▶ [Exercise directions]: From the entries below, copy every line holding the word "year".

▶ [Stored data]:

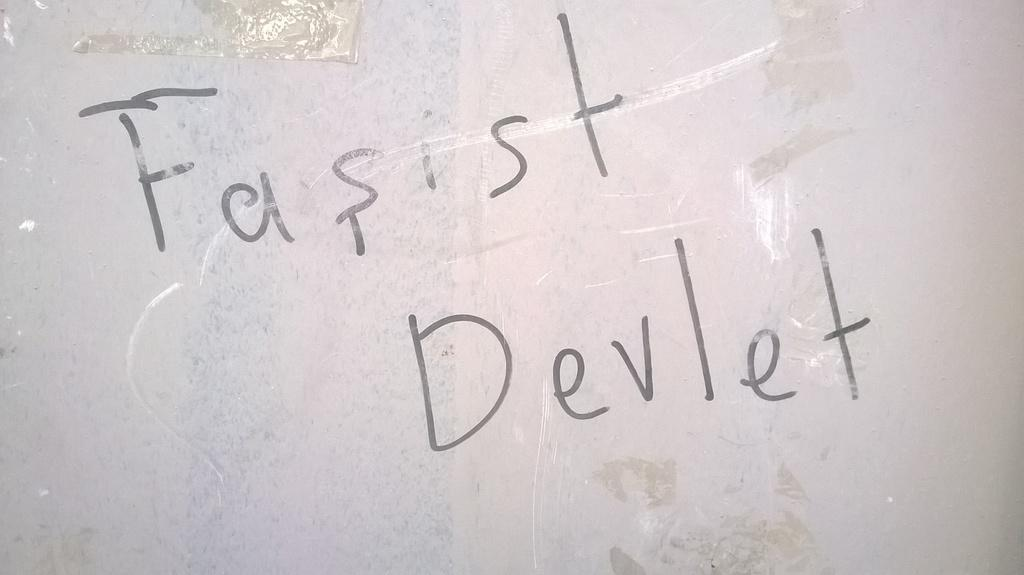<image>
Present a compact description of the photo's key features. The wall has "Fasist Devlet" written on it. 
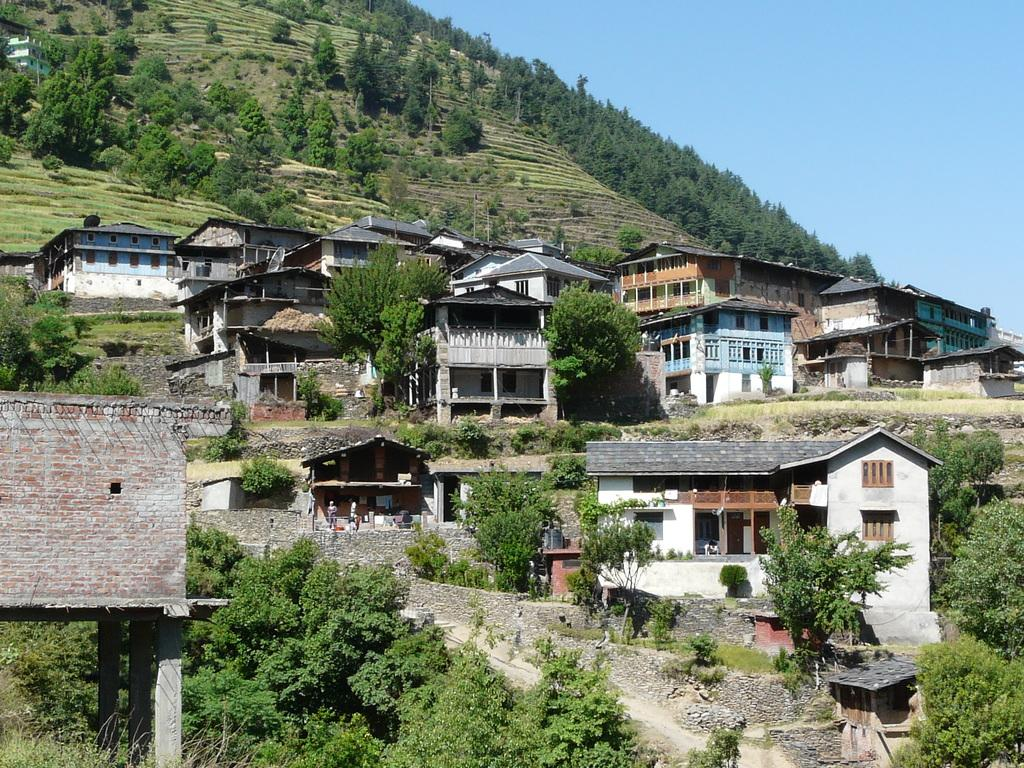What type of structures can be seen in the image? There are houses, trees, poles, and a building visible in the image. What type of vegetation is present in the image? There are trees in the image. What are the poles used for in the image? The purpose of the poles is not specified in the image, but they could be used for various purposes such as lighting or signage. What is visible in the background of the image? The sky is visible in the background of the image. How many pies are on the roof of the building in the image? There are no pies visible on the roof of the building in the image. What type of clocks can be seen in the trees in the image? There are no clocks present in the trees or any other part of the image. 
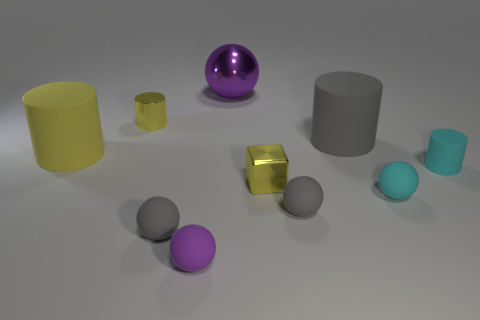Subtract all large balls. How many balls are left? 4 Subtract 1 blocks. How many blocks are left? 0 Subtract all yellow cylinders. How many cylinders are left? 2 Subtract all cubes. How many objects are left? 9 Subtract all blue cylinders. Subtract all green spheres. How many cylinders are left? 4 Subtract all yellow blocks. How many red cylinders are left? 0 Subtract all gray matte spheres. Subtract all large gray matte cylinders. How many objects are left? 7 Add 8 big yellow cylinders. How many big yellow cylinders are left? 9 Add 4 gray matte things. How many gray matte things exist? 7 Subtract 1 gray cylinders. How many objects are left? 9 
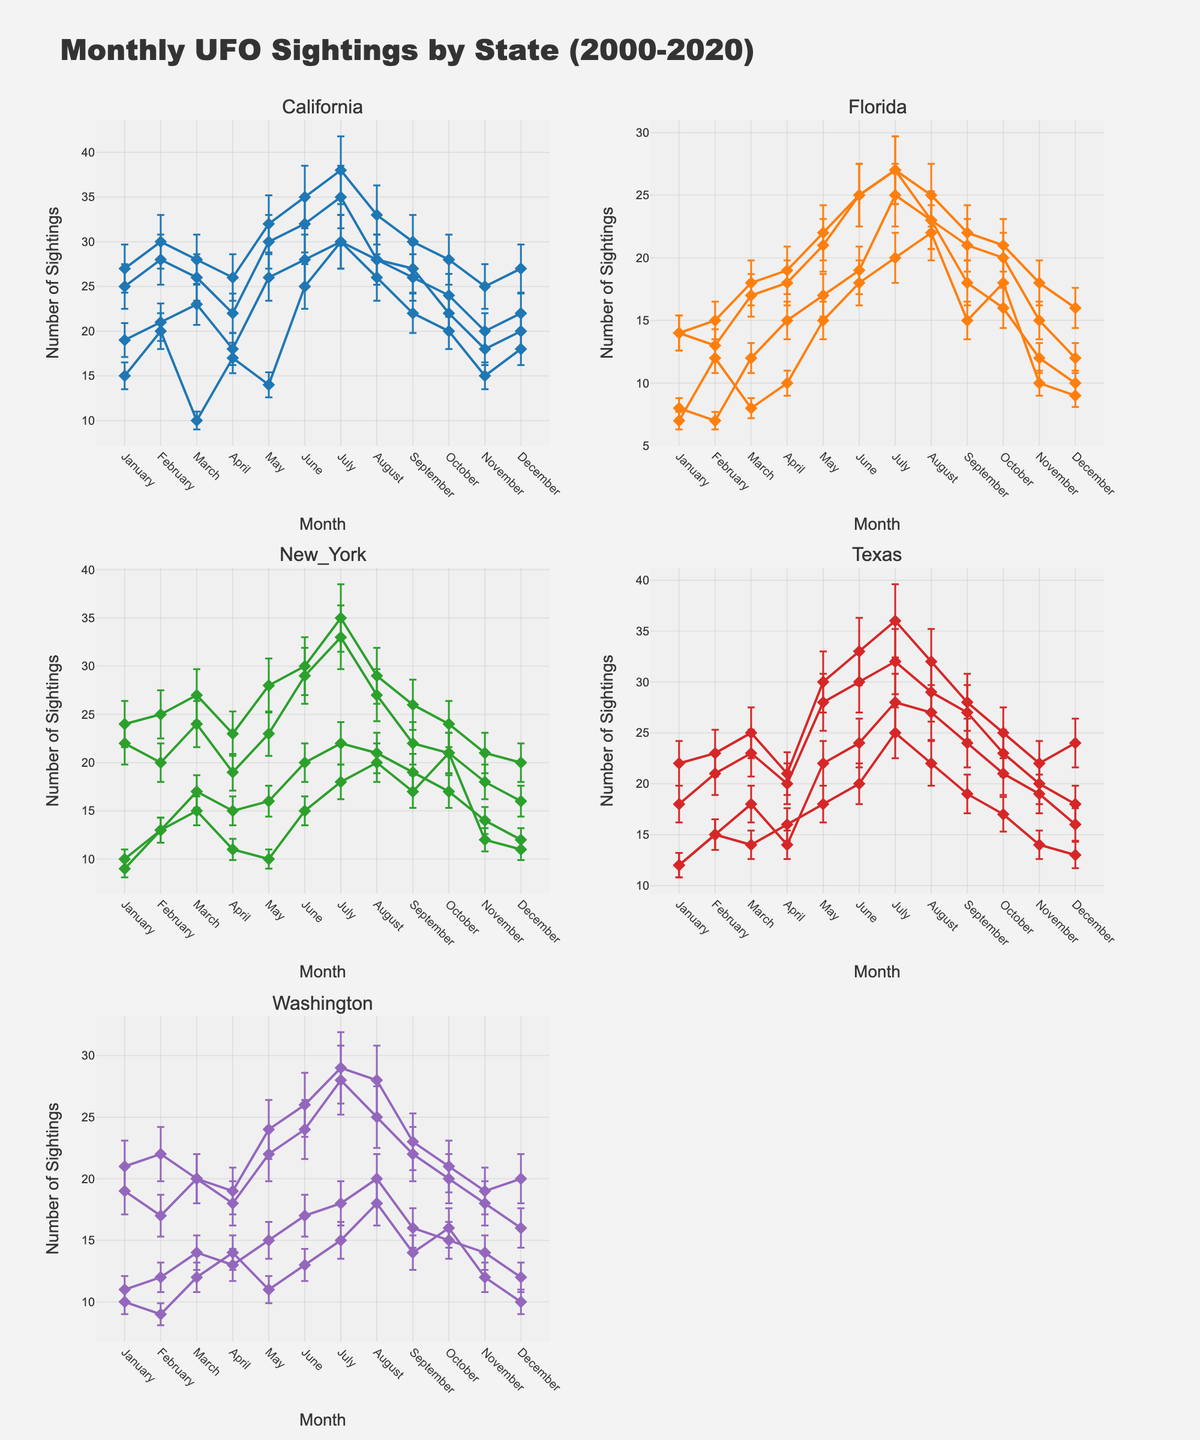What is the title of the figure? The title of the figure is centered at the top and is specified explicitly in the design.
Answer: Monthly UFO Sightings by State (2000-2020) How many states are displayed in the figure? The figure consists of subplots with one title for each state. Counting these titles gives the total number of states.
Answer: 5 Which state had the highest number of sightings in July 2020? Locate July 2020 on the x-axis for each state's subplot and compare the corresponding y-values. The highest y-value will indicate the state with the most sightings.
Answer: California What is the general trend of UFO sightings in California from January 2000 to July 2020? Observe the data points for California's subplot from the start (January 2000) to the latest available (July 2020) and describe the trend. This involves noting the increase or decrease over time.
Answer: Increasing How does the number of sightings in Texas compare in June 2019 and June 2020? Look at Texas's subplot, find June 2019 and June 2020, and compare the y-values for these points.
Answer: The number of sightings in Texas increased from June 2019 to June 2020 Which month and year had the maximum sightings in Florida, and what was the value? Examine the Florida subplot, find the highest data point, and note the coordinates (month and year) and the corresponding y-value.
Answer: July 2001, 25 sightings What is the average number of sightings in New York for the year 2020? Note the y-values for New York in 2020 across all months, sum them up, and divide by the number of months.
Answer: (24 + 25 + 27 + 23 + 28 + 30 + 35 + 29 + 26 + 24 + 21 + 20)/12 = 25.42 Which state shows the largest monthly variability in sightings, as indicated by the error bars? Assess the size and consistency of error bars in all subplots; the state with the largest and most frequent error bars indicates the highest variability.
Answer: California

▶ [Exercise response]:
Answer: The number of sightings in Texas increased from June 2019 to June 2020 Which month and year had the maximum sightings in Florida, and what was the value? Examine the Florida subplot, find the highest data point, and note the coordinates (month and year) and the corresponding y-value.
Answer: July 2001, 25 sightings What is the average number of sightings in New York for the year 2020? Note the y-values for New York in 2020 across all months, sum them up, and divide by the number of months.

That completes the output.